The second episode that YouTube took down was in September 2021. It was an interview with actress Sally Kirkland. She came on the show to report that she had vertigo soon after getting the vaccine, which caused her to fall and break her wrist. (My mother also had vertigo for weeks after getting the vaccine.) She wasn’t expressing a medical opinion, just her personal experience. However, because her actual experience contradicted “WHO guidance on certain safe medical practices,” YouTube censors didn’t allow her to share it with others.

Because I had been warned by the censors before about “misinformation,” I received a “strike” for this episode. Three strikes and you’re permanently banned from YouTube.

I received a second strike two weeks later. This time because I dared to interview the attorney representing Los Angeles firefighters who were opposing a vaccine mandate in court. He came on to express their view that the vaccine mandate is unconstitutional.

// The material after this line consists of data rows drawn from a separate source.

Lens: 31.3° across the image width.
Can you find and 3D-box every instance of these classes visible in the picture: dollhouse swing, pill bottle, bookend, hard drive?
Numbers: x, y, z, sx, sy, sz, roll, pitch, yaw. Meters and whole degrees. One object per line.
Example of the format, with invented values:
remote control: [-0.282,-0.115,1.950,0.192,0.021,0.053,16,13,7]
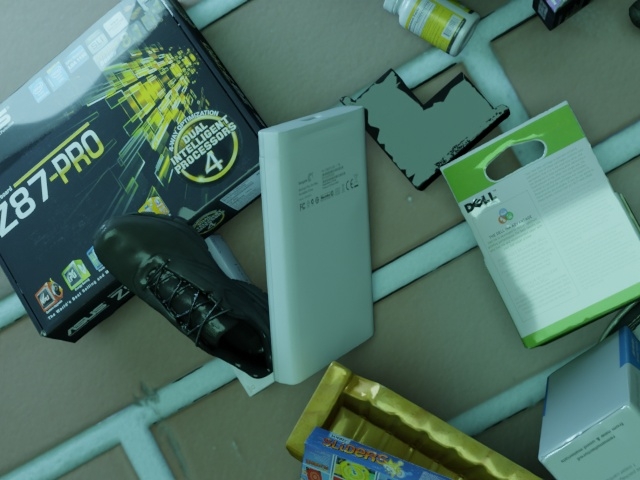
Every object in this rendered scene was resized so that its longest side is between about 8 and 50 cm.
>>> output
dollhouse swing: [0.087,0.379,1.414,0.347,0.315,0.305,31,79,8]
pill bottle: [0.143,-0.295,1.489,0.116,0.065,0.065,33,97,8]
bookend: [0.137,-0.173,1.489,0.156,0.072,0.157,-42,83,8]
hard drive: [0.000,0.000,1.420,0.040,0.203,0.307,7,108,31]

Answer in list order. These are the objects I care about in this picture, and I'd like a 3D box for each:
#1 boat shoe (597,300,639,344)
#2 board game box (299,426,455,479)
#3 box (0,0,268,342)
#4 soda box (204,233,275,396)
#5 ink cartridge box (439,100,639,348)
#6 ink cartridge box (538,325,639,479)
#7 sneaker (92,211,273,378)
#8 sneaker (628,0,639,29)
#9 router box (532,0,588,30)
boat shoe: [0.499,0.092,1.406,0.340,0.113,0.127,-23,88,10]
board game box: [0.071,0.309,1.320,0.201,0.035,0.136,19,125,16]
box: [-0.278,-0.104,1.529,0.395,0.097,0.318,-37,69,9]
soda box: [-0.116,0.099,1.544,0.074,0.069,0.216,-34,85,9]
ink cartridge box: [0.295,-0.018,1.438,0.189,0.097,0.255,-28,78,17]
ink cartridge box: [0.404,0.285,1.337,0.129,0.223,0.307,-38,96,21]
sneaker: [-0.153,0.068,1.403,0.286,0.130,0.109,34,104,-18]
sneaker: [0.507,-0.335,1.413,0.271,0.100,0.108,-23,78,4]
router box: [0.326,-0.322,1.396,0.133,0.179,0.046,-36,87,9]

It’s permissible to present this view in court, just not on YouTube. (In fact, the U.S. Supreme Court later ruled that similar mandates by the federal government are, in fact, unconstitutional.)

I never received a third strike because, naturally, I chose to stop posting interviews pertaining to COVID-19 or the vaccine on YouTube. So I didn’t lose my channel, but since getting the two strikes, my channel’s subscribers stopped growing. I don’t know what YouTube did, but Musk has revealed what Twitter did to suppress users who fell out of favor from gaining new followers.

Section 230 of the Communications Decency Act, which was passed more than 25 years ago, states that an “interactive computer service” can’t be treated as the publisher or speaker of third-party content. This protects these sites from being sued based upon something a user posts. The purpose was to allow these sites to be open to all posts without fear of being held legally responsible for things such as libel, as would a newspaper publisher. Without this protection, the sites may not have survived because of the legal costs.

What lawmakers clearly didn’t envision was that despite this protection, sites would nonetheless censor content. Thus, nothing in the law prevents it. This has allowed them to censor with impunity.

Both Republicans and Democrats want to see the section amended, but for different reasons. For the left, including Joe Biden, the problem they see is that content isn’t censored enough, and thus they want to take away any protection for the sites from lawsuits. For Republicans, the problem is too much censorship, and thus they want to see censorship restrictions added to Section 230.

Compromise is unlikely. This leaves us rooting for the success of Musk’s Twitter, which would at least give Google and Facebook an economic incentive to change. Laying off 90 percent of their content moderators would be a good start.

Views expressed in this article are the opinions of the author and do not necessarily reflect the views of The Epoch Times.